ASSIGNMENT>
Your copy starts at the line containing "Task: Locate the" and ends at the last line below. Copy exactly, without pictures.

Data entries
......

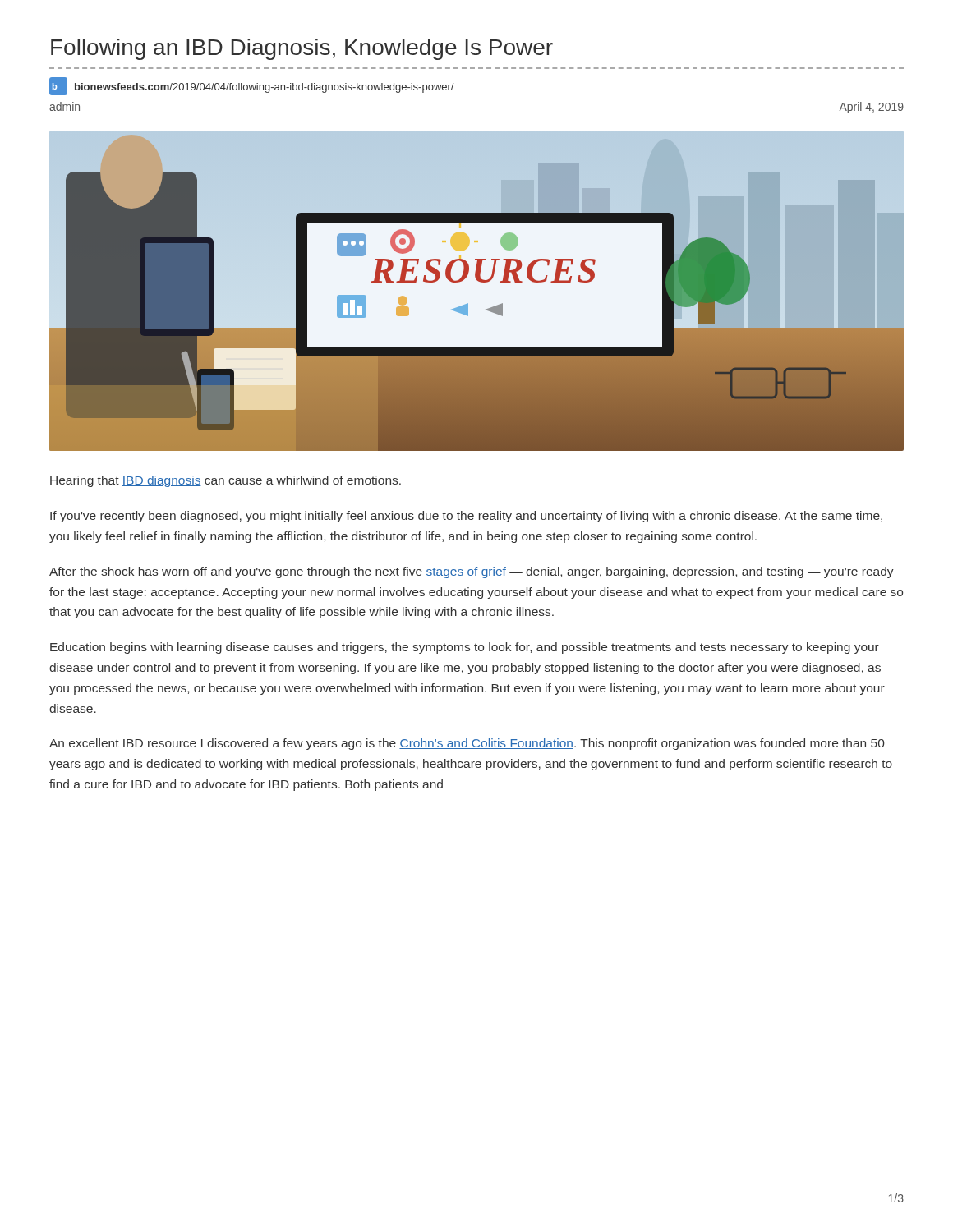Viewport: 953px width, 1232px height.
Task: Select the element starting "admin April 4, 2019"
Action: click(x=67, y=107)
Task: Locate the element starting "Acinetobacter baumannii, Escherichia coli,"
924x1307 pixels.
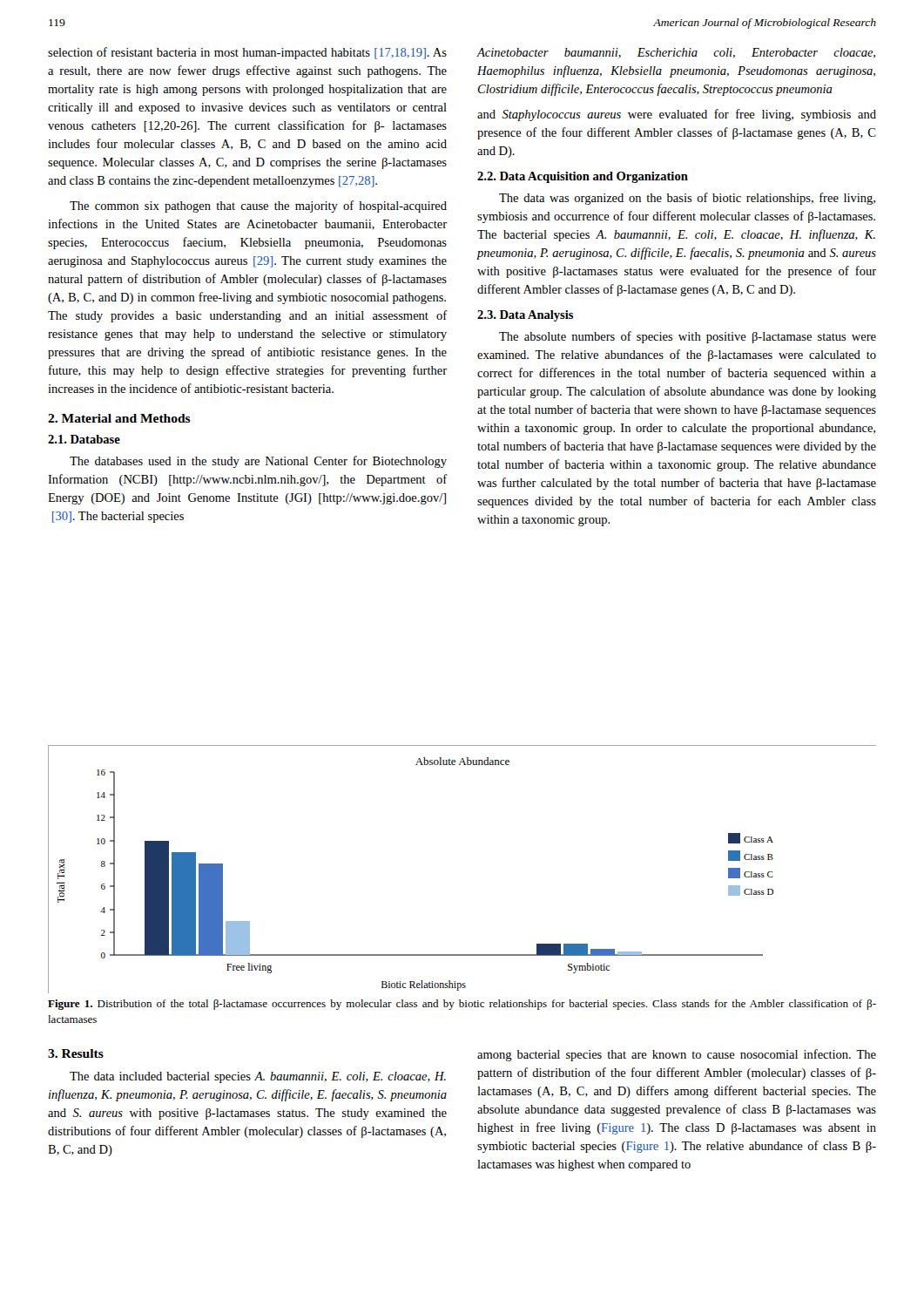Action: (x=677, y=102)
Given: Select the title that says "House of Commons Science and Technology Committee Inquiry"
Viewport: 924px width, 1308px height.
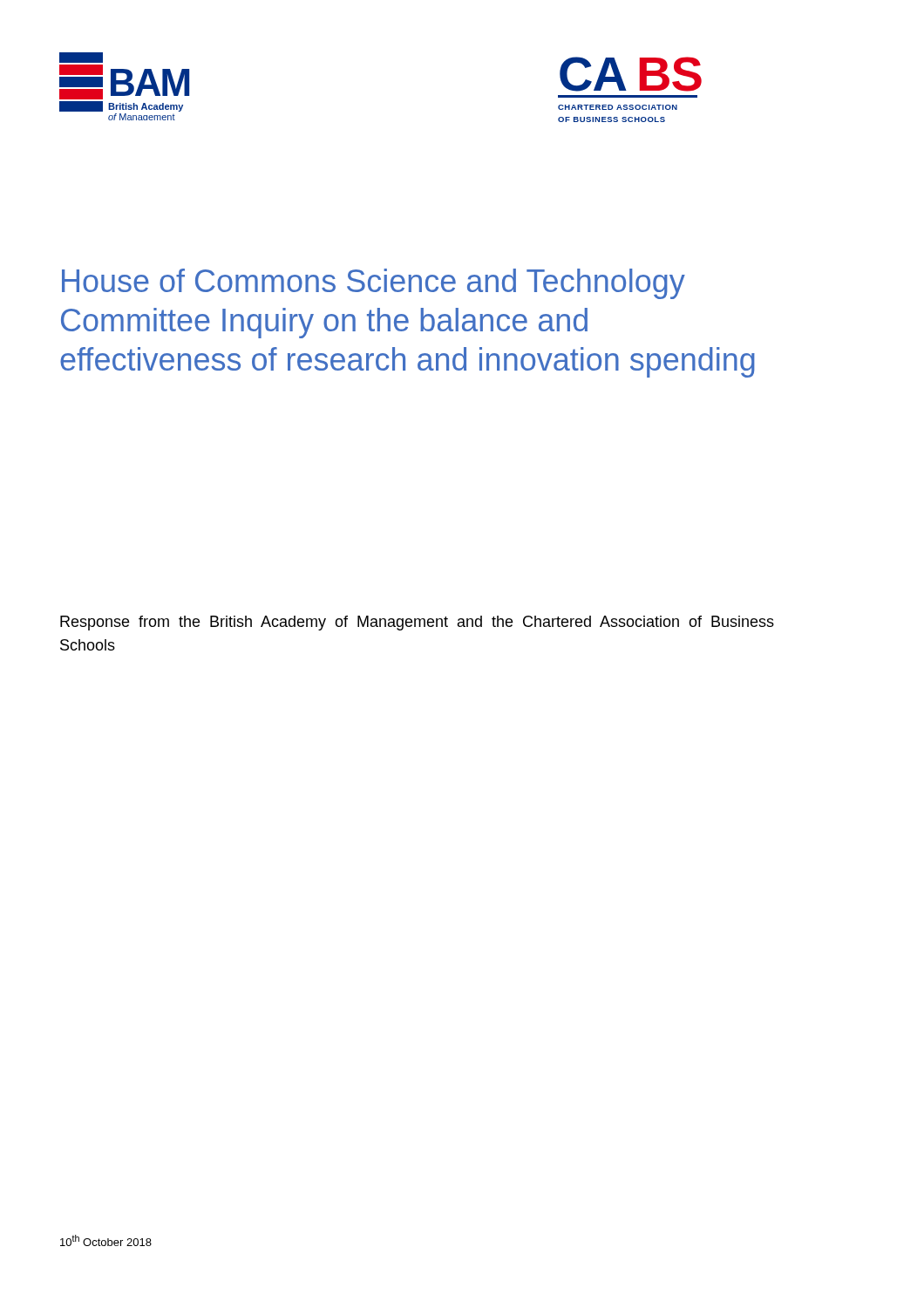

......

RESULT OF THIS TASK>
Task: Locate the element starting "Acinetobacter baumannii, Escherichia coli,"
924x1307 pixels.
Action: (x=677, y=102)
Given: Select the title that says "House of Commons Science and Technology Committee Inquiry"
Viewport: 924px width, 1308px height.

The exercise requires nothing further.